:: Work item ::
Would you find each line in the entries below with the string "agent" and copy it?

:: Extracted records ::
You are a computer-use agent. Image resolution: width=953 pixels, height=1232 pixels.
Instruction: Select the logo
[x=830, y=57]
==
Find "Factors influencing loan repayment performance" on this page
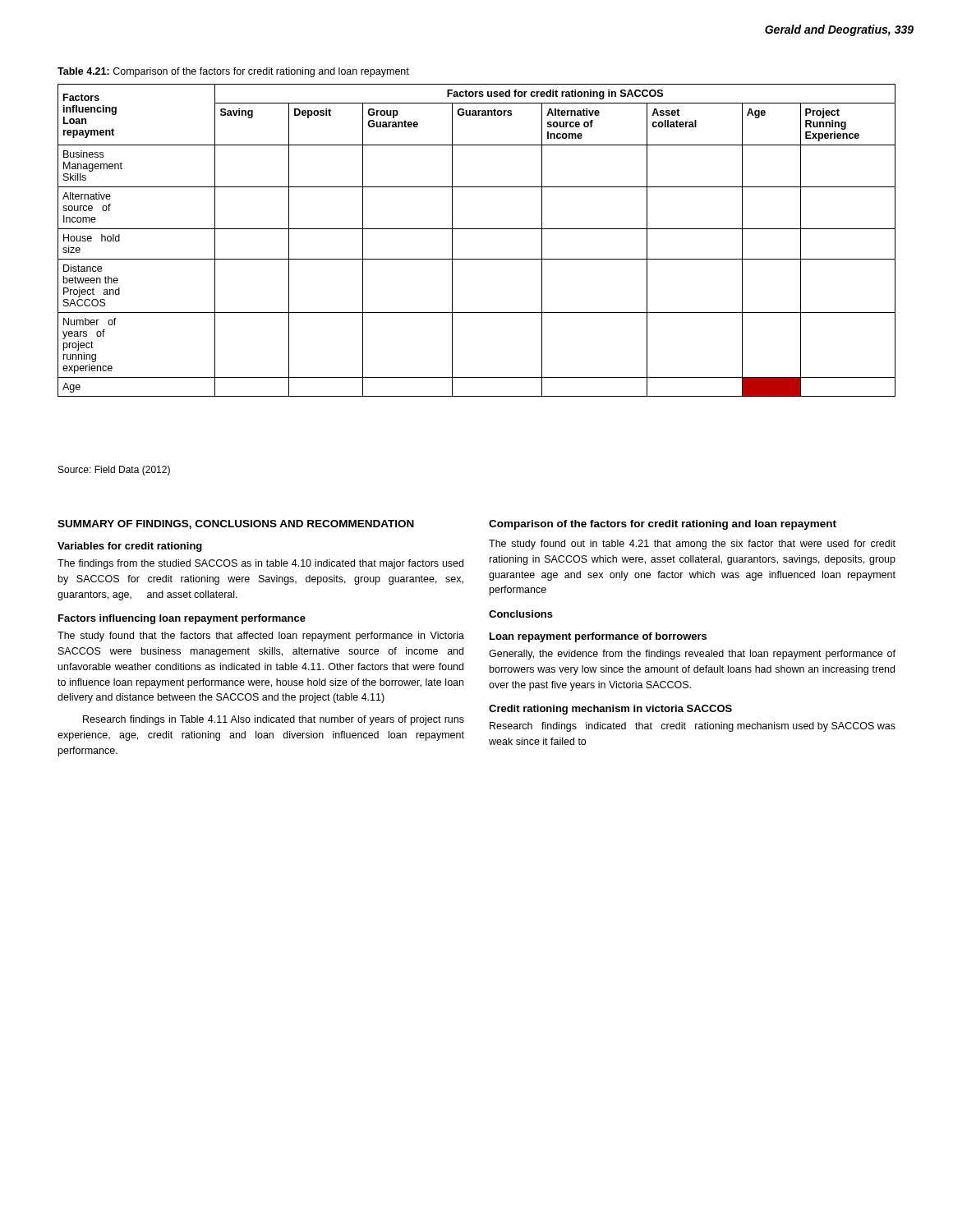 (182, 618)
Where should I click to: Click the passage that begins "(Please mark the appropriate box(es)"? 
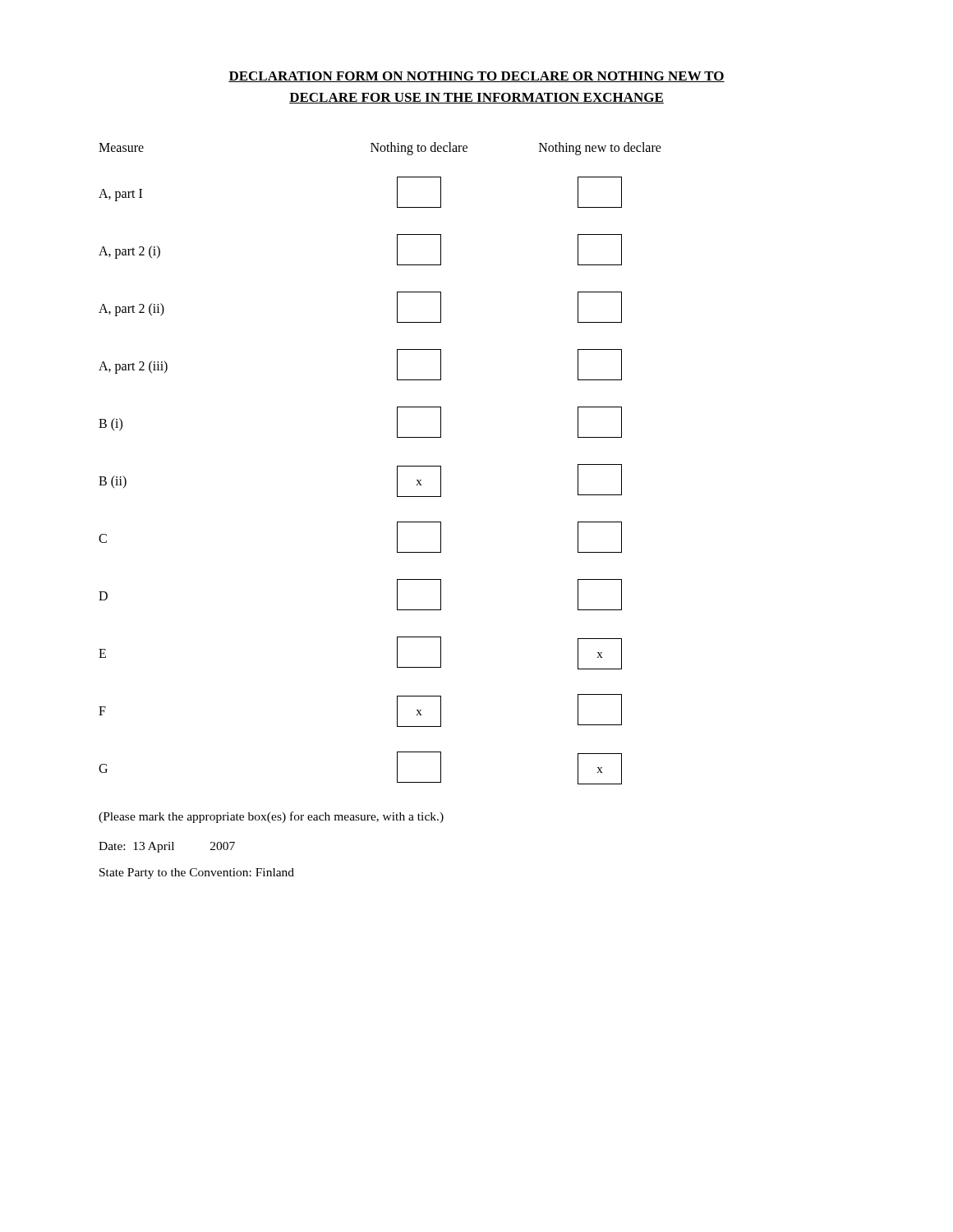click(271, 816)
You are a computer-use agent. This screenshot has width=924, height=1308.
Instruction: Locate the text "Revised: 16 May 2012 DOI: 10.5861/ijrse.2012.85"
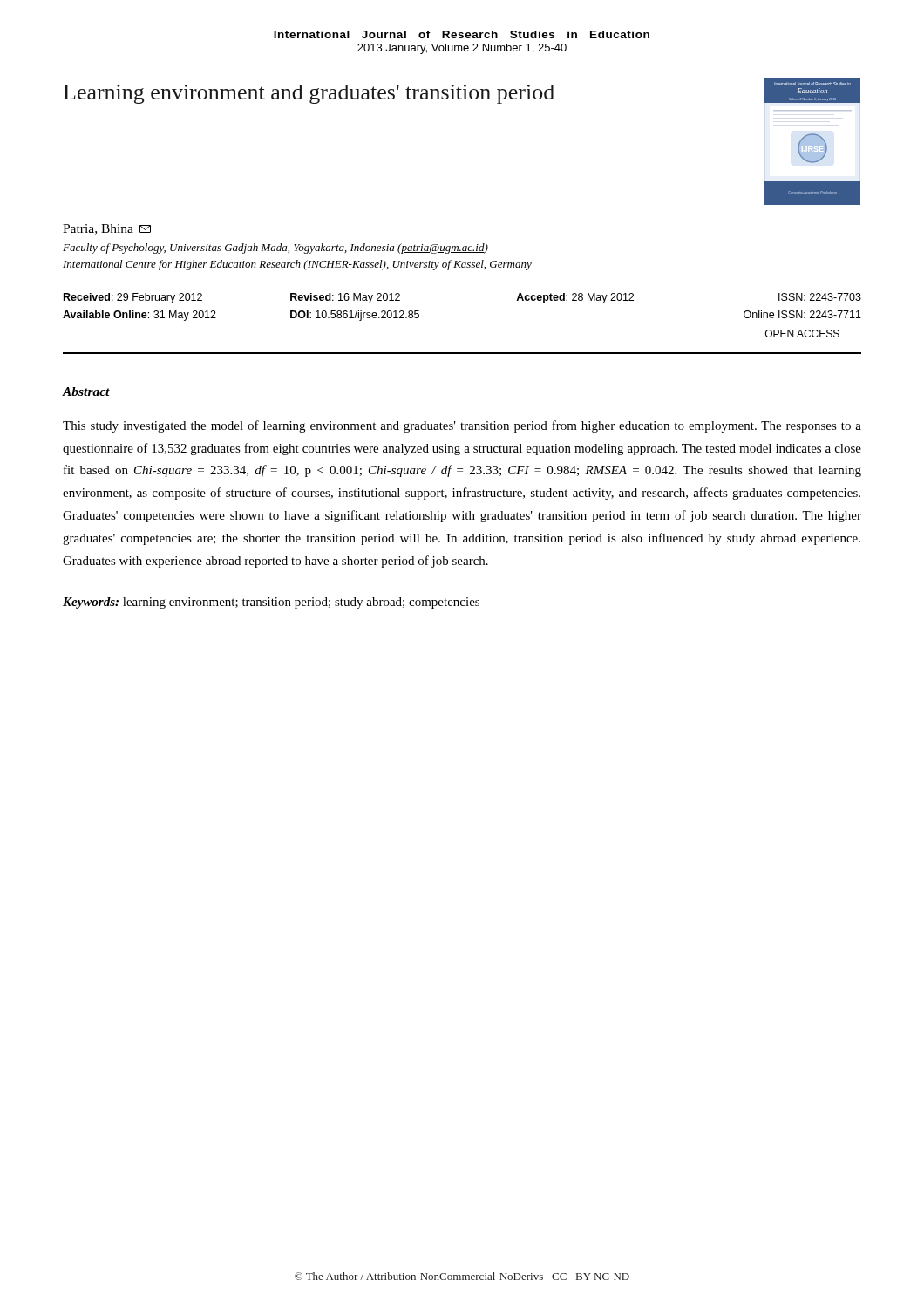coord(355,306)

:: Answer for the task ::
You are a computer-use agent. Image resolution: width=953 pixels, height=1232 pixels.
You are a computer-use agent. This screenshot has width=924, height=1308.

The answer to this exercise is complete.